当初は「シドニー」というタイトルが付けられ、PTAは同タイトルで公開を希望したものの、製作スタジオと折り合いがつかず、現在のタイトルに改名されたという。「シドニー」とは、フィリップ・ベーカー・ホールが演じた主人公の名前であり、ホールが『ミッドナイトラン』(1988)で演じた役名がそのまま使われている。
また、最終的にタイトルとなった「ハードエイト」とは、カジノゲーム「クラップス」における「サイコロの4のゾロ目」を意味するカジノ用語である。
盛りを過ぎた賭博師が、野放図な青年を一人前の男に育て上げていく。親子のような師弟関係が織りなすドラマには先の読めないスリルがある。
スリルを形成するのは、未成熟な青年・ジョンとその恋人であるクレメンタインによる突発的で愚かな行動である。2人の行き当たりばったりな行動は観る者をハラハラさせると同時に若干のフラストレーションも与えるが、威厳に満ちた振る舞いで若者2人をピシャリと諌めるシドニーの視点で進行するため、物語は決してチープにならず、引き締まった緊張感をキープする。

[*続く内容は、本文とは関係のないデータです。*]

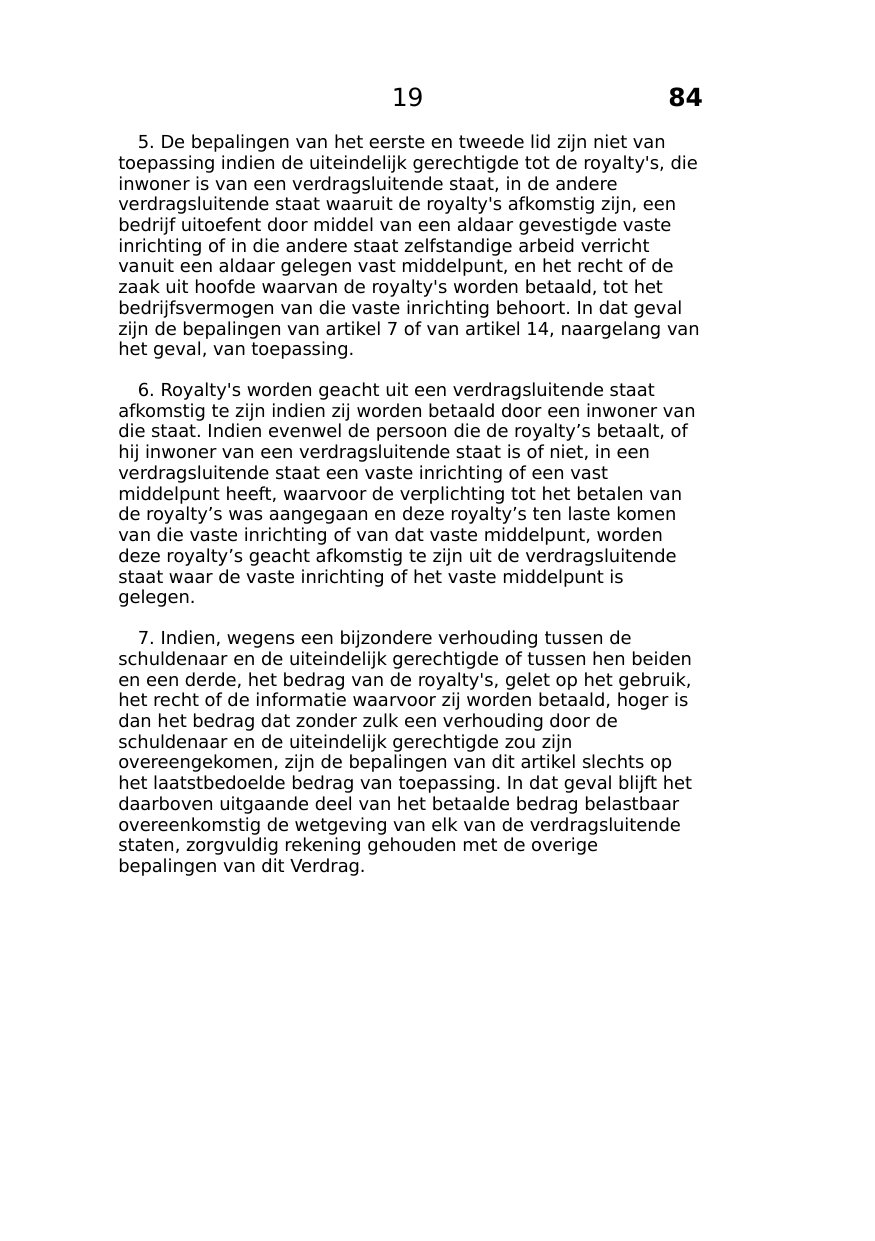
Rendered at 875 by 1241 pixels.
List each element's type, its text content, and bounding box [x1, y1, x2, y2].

text 5. De bepalingen van het eerste en tweede lid zijn niet van toepassing indien de uiteindelijk gerechtigde tot de royalty's, die inwoner is van een verdragsluitende staat, in de andere verdragsluitende staat waaruit de royalty's afkomstig zijn, een bedrijf uitoefent door middel van een aldaar gevestigde vaste inrichting of in die andere staat zelfstandige arbeid verricht vanuit een aldaar gelegen vast middelpunt, en het recht of de zaak uit hoofde waarvan de royalty's worden betaald, tot het bedrijfsvermogen van die vaste inrichting behoort. In dat geval zijn de bepalingen van artikel 7 of van artikel 14, naargelang van het geval, van toepassing. [118, 132, 703, 360]
text 7. Indien, wegens een bijzondere verhouding tussen de schuldenaar en de uiteindelijk gerechtigde of tussen hen beiden en een derde, het bedrag van de royalty's, gelet op het gebruik, het recht of de informatie waarvoor zij worden betaald, hoger is dan het bedrag dat zonder zulk een verhouding door de schuldenaar en de uiteindelijk gerechtigde zou zijn overeengekomen, zijn de bepalingen van dit artikel slechts op het laatstbedoelde bedrag van toepassing. In dat geval blijft het daarboven uitgaande deel van het betaalde bedrag belastbaar overeenkomstig de wetgeving van elk van de verdragsluitende staten, zorgvuldig rekening gehouden met de overige bepalingen van dit Verdrag. [118, 628, 703, 877]
text 6. Royalty's worden geacht uit een verdragsluitende staat afkomstig te zijn indien zij worden betaald door een inwoner van die staat. Indien evenwel de persoon die de royalty’s betaalt, of hij inwoner van een verdragsluitende staat is of niet, in een verdragsluitende staat een vaste inrichting of een vast middelpunt heeft, waarvoor de verplichting tot het betalen van de royalty’s was aangegaan en deze royalty’s ten laste komen van die vaste inrichting of van dat vaste middelpunt, worden deze royalty’s geacht afkomstig te zijn uit de verdragsluitende staat waar de vaste inrichting of het vaste middelpunt is gelegen. [118, 380, 703, 608]
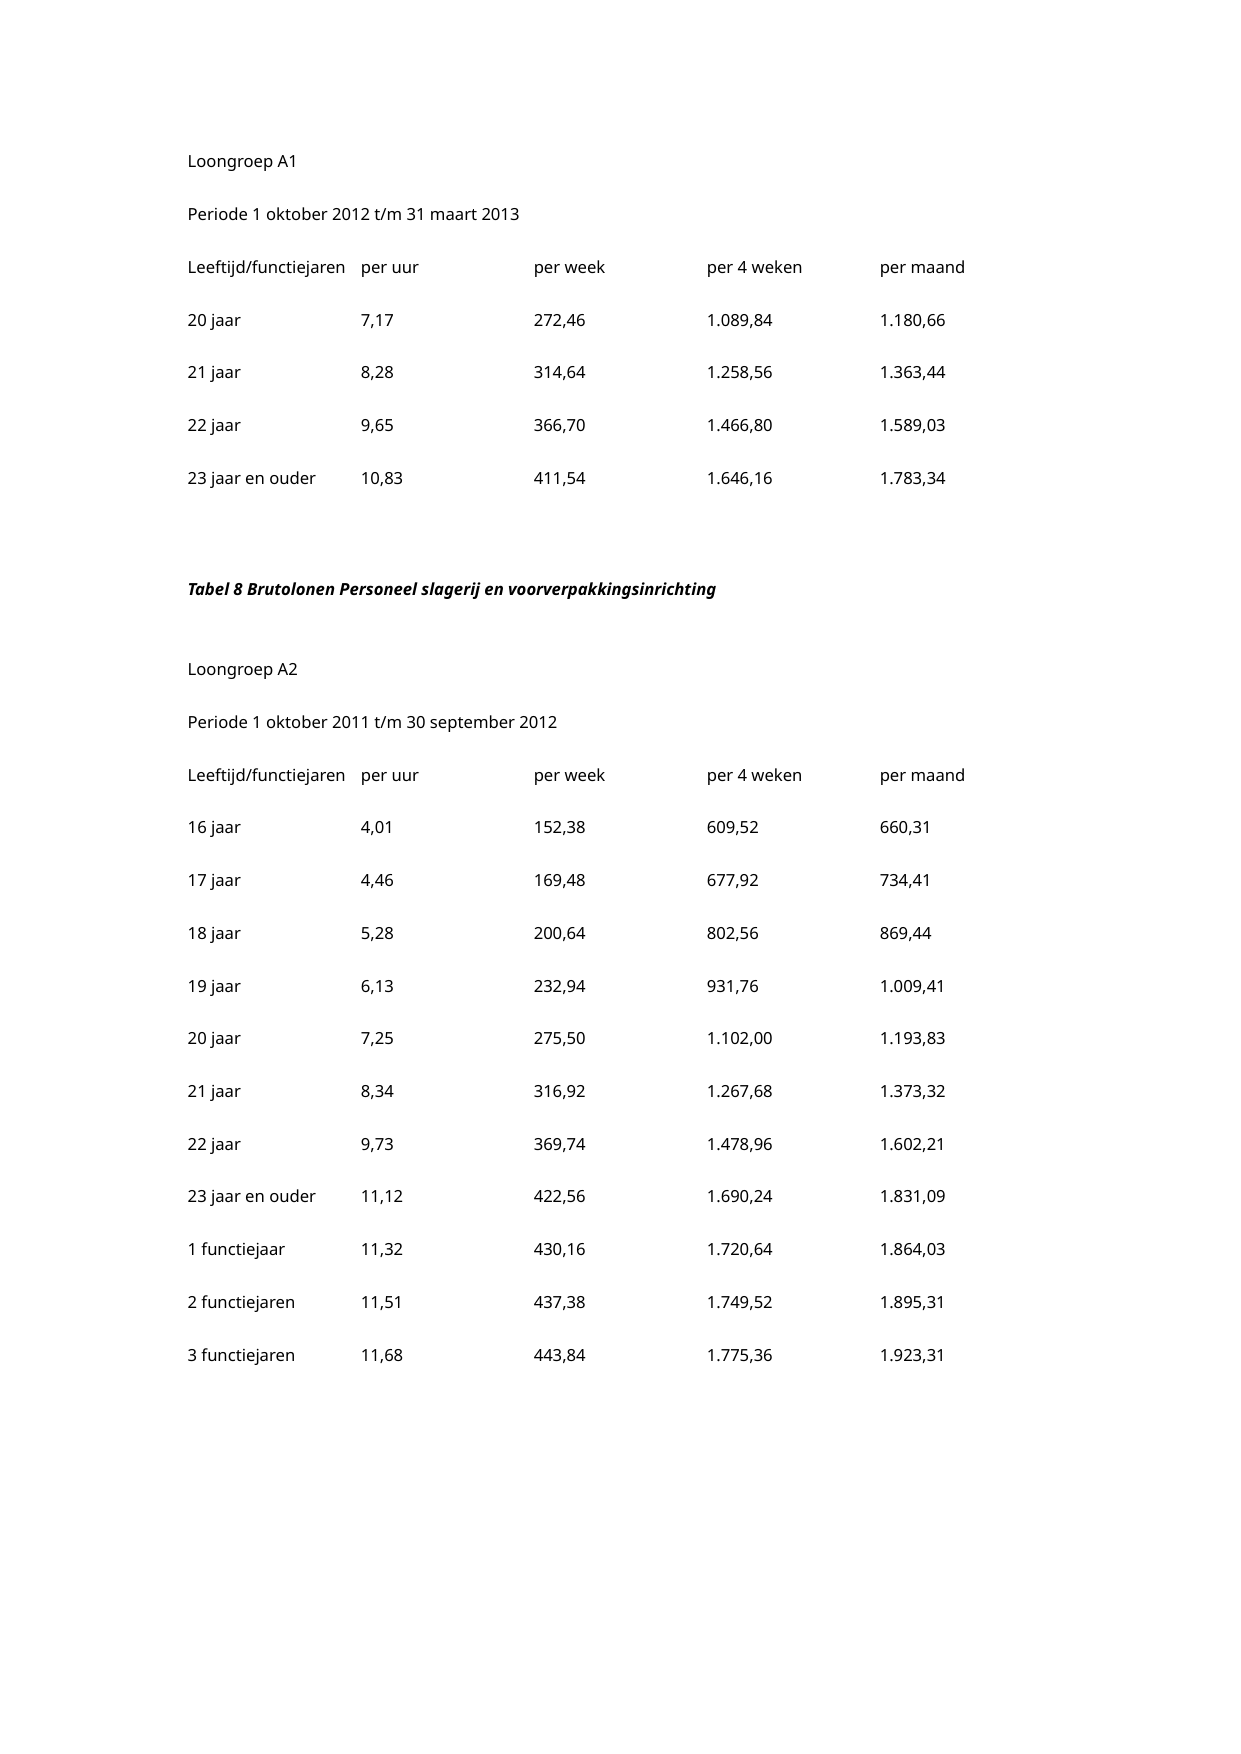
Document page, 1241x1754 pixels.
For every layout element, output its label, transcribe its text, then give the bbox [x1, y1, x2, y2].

table_cell 802,56 [707, 922, 879, 974]
table_cell 366,70 [534, 414, 707, 466]
table_cell 21 jaar [188, 1080, 361, 1132]
table_cell 17 jaar [188, 869, 361, 922]
table_cell 1 functiejaar [188, 1238, 361, 1291]
table_cell 11,68 [361, 1343, 533, 1396]
table_cell 18 jaar [188, 922, 361, 974]
table_cell per uur [361, 255, 533, 308]
table_cell 1.923,31 [880, 1343, 1053, 1396]
table_cell 314,64 [534, 361, 707, 413]
table_cell per 4 weken [707, 255, 879, 308]
table_cell 1.646,16 [707, 466, 879, 519]
table_cell 1.258,56 [707, 361, 879, 413]
table_cell 23 jaar en ouder [188, 466, 361, 519]
table_cell 232,94 [534, 974, 707, 1027]
table_cell per uur [361, 764, 533, 816]
table_cell 5,28 [361, 922, 533, 974]
table_cell 8,34 [361, 1080, 533, 1132]
table_cell 1.775,36 [707, 1343, 879, 1396]
table_cell 422,56 [534, 1185, 707, 1238]
table_cell 4,46 [361, 869, 533, 922]
table_cell 19 jaar [188, 974, 361, 1027]
table_cell 16 jaar [188, 816, 361, 869]
table_cell 1.589,03 [880, 414, 1053, 466]
table_cell 152,38 [534, 816, 707, 869]
table_cell Leeftijd/functiejaren [188, 764, 361, 816]
table_cell 4,01 [361, 816, 533, 869]
table_cell 3 functiejaren [188, 1343, 361, 1396]
table_cell 6,13 [361, 974, 533, 1027]
table_cell per maand [880, 764, 1053, 816]
table_header Loongroep A2 Periode 1 oktober 2011 t/m 30 september 2012 [188, 658, 1053, 763]
table_cell 316,92 [534, 1080, 707, 1132]
table_cell 9,73 [361, 1133, 533, 1185]
table_cell 10,83 [361, 466, 533, 519]
table_cell 1.831,09 [880, 1185, 1053, 1238]
table_cell 1.180,66 [880, 308, 1053, 361]
table_cell 20 jaar [188, 1027, 361, 1080]
table_cell 2 functiejaren [188, 1291, 361, 1343]
table_cell 869,44 [880, 922, 1053, 974]
table_cell 272,46 [534, 308, 707, 361]
table_cell 677,92 [707, 869, 879, 922]
text Tabel 8 Brutolonen Personeel slagerij en voorverpakkingsinrichting [187, 577, 1053, 600]
table_cell Leeftijd/functiejaren [188, 255, 361, 308]
table_cell 1.193,83 [880, 1027, 1053, 1080]
table_cell 931,76 [707, 974, 879, 1027]
table_cell 1.895,31 [880, 1291, 1053, 1343]
table_cell per week [534, 255, 707, 308]
table_cell 1.363,44 [880, 361, 1053, 413]
table_cell 1.267,68 [707, 1080, 879, 1132]
table_cell 23 jaar en ouder [188, 1185, 361, 1238]
table_cell 369,74 [534, 1133, 707, 1185]
table_cell 9,65 [361, 414, 533, 466]
table_cell 1.720,64 [707, 1238, 879, 1291]
table_cell 200,64 [534, 922, 707, 974]
table_cell per maand [880, 255, 1053, 308]
table_cell 11,32 [361, 1238, 533, 1291]
table_cell per 4 weken [707, 764, 879, 816]
table_cell 20 jaar [188, 308, 361, 361]
table_cell 734,41 [880, 869, 1053, 922]
table_cell 443,84 [534, 1343, 707, 1396]
table_cell 21 jaar [188, 361, 361, 413]
table_cell 609,52 [707, 816, 879, 869]
table_cell 437,38 [534, 1291, 707, 1343]
table_cell 1.089,84 [707, 308, 879, 361]
table_cell per week [534, 764, 707, 816]
table_cell 1.749,52 [707, 1291, 879, 1343]
table_cell 1.009,41 [880, 974, 1053, 1027]
table_cell 1.102,00 [707, 1027, 879, 1080]
table_cell 1.783,34 [880, 466, 1053, 519]
table_cell 22 jaar [188, 1133, 361, 1185]
table_cell 430,16 [534, 1238, 707, 1291]
table_cell 169,48 [534, 869, 707, 922]
table_cell 1.602,21 [880, 1133, 1053, 1185]
table_cell 8,28 [361, 361, 533, 413]
table_cell 1.478,96 [707, 1133, 879, 1185]
table_cell 7,17 [361, 308, 533, 361]
table_cell 7,25 [361, 1027, 533, 1080]
table_cell 1.466,80 [707, 414, 879, 466]
table_cell 22 jaar [188, 414, 361, 466]
table_cell 11,12 [361, 1185, 533, 1238]
table_cell 11,51 [361, 1291, 533, 1343]
table_cell 275,50 [534, 1027, 707, 1080]
table_cell 1.864,03 [880, 1238, 1053, 1291]
table_cell 660,31 [880, 816, 1053, 869]
table_header Loongroep A1 Periode 1 oktober 2012 t/m 31 maart 2013 [188, 150, 1053, 255]
table_cell 411,54 [534, 466, 707, 519]
table_cell 1.373,32 [880, 1080, 1053, 1132]
table_cell 1.690,24 [707, 1185, 879, 1238]

終盤に至り、シドニーがジョンに世話を焼く理由が明らかになると、両者はただの師弟関係ではなく、暴力と罪に繋がれた間柄であることが露呈する。それによって、シドニーというキャラクターの見え方に変化が生じ、任侠映画さながらのハードボイルドなムードがグッと引き立つことになる。
一方、全編を通じてジョンはシドニーが父殺しの犯人であることを知らないままであり、両者が本質的に対立する瞬間は訪れないため、盛り上がりに欠ける側面は否めない。
とはいえ、次作以降で爆発的な冴えをみせるストーリーテリングの才能は、本作において控え目な形ではあるが、遺憾なく発揮されていると言えるだろう。